Zhao Melissa, Tang Yushi, Kim Hyunkyung, Hasegawa Kohei
Department of Biostatistics, Harvard T.H. Chan School of Public Health, Boston, MA, USA.
Department of Emergency Medicine, Massachusetts General Hospital, Harvard Medical School, Boston, MA, USA.
Cancer Inform. 2018 Nov 9;17:1176935118810215. doi: 10.1177/1176935118810215. eCollection 2018.
Despite existing prognostic markers, breast cancer prognosis remains a difficult subject due to the complex relationships between many contributing factors and survival. This study seeks to integrate multiple clinicopathological and genomic factors with dimensional reduction across machine learning algorithms to compare survival predictions.
This is a secondary analysis of the data from a prospective cohort study of female patients with breast cancer enrolled in the Molecular Taxonomy of Breast Cancer International Consortium (METABRIC). We constructed a series of predictive models: ensemble models (Gradient Boosting and Random Forest), support vector machine (SVM), and artificial neural networks (ANN) for 5-year survival based on clinicopathological and gene expression data after K-means clustering with K-nearest-neighbor (KNN) classification. Model performance was evaluated by receiver operating characteristic (ROC) curve, accuracy, and calibration slope (CS). Model stability was assessed over 10 random runs in terms of ROC, accuracy, CS, and variable importance.
The analytic cohort is composed of 1874 patients with breast cancer. Overall, the median age was 62 years; the 5-year survival rate was 75%. ROC and accuracy were not significantly different between models (ROC and accuracy around 0.67 and 0.72 across models, respectively). However, ensemble methods resulted in better fit (CS) with stable measures of variable importance across 10 random training/validation splits. K-means clustering of gene expression profiles on training data points along with KNN classification of validation data points was a robust method of dimensional reduction. Furthermore, the gene expression cluster with the highest mortality risk was an influential factor in model prediction.

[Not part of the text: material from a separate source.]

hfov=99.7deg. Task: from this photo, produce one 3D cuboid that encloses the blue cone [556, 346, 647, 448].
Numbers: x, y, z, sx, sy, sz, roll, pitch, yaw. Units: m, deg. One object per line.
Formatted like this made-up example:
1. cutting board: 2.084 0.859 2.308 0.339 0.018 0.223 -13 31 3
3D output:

Using machine learning methods to construct predictive models for 5-year survival in patients with breast cancer, we demonstrated discrimination ability across models with new insight into the stability and utility of dimensional reduction on genomic features in breast cancer survival prediction.

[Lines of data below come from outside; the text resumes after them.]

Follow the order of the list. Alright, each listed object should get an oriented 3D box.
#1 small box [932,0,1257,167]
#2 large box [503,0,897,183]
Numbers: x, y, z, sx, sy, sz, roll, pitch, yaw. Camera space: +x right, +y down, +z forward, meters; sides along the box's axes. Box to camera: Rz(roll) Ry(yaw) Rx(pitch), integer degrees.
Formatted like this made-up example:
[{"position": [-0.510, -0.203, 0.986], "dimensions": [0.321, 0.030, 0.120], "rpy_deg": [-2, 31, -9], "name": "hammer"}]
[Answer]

尽管存在现有的预后标志物,但由于许多促成因素与生存率之间的复杂关系,乳腺癌的预后仍然是一个难题。本研究旨在将多个临床病理和基因组因素与跨机器学习算法的降维方法相结合,以比较生存预测结果。
这是对参加国际乳腺癌分子分类联盟(METABRIC)的女性乳腺癌患者前瞻性队列研究数据的二次分析。我们构建了一系列预测模型:基于临床病理和基因表达数据,在使用K近邻(KNN)分类进行K均值聚类后,建立用于预测5年生存率的集成模型(梯度提升和随机森林)、支持向量机(SVM)和人工神经网络(ANN)。通过受试者工作特征(ROC)曲线、准确性和校准斜率(CS)评估模型性能。在10次随机运行中,根据ROC、准确性、CS和变量重要性评估模型稳定性。

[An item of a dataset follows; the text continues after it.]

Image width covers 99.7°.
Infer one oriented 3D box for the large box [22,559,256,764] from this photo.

分析队列由1874例乳腺癌患者组成。总体而言,中位年龄为62岁;5年生存率为75%。各模型之间的ROC和准确性无显著差异(各模型的ROC和准确性分别约为0.67和0.72)。然而,集成方法在10次随机训练/验证分割中具有更好的拟合度(CS)以及稳定的变量重要性度量。对训练数据点的基因表达谱进行K均值聚类以及对验证数据点进行KNN分类是一种稳健的降维方法。此外,具有最高死亡风险的基因表达簇是模型预测中的一个影响因素。
使用机器学习方法构建乳腺癌患者5年生存预测模型,我们展示了各模型的判别能力,并对乳腺癌生存预测中基因组特征降维的稳定性和实用性有了新的认识。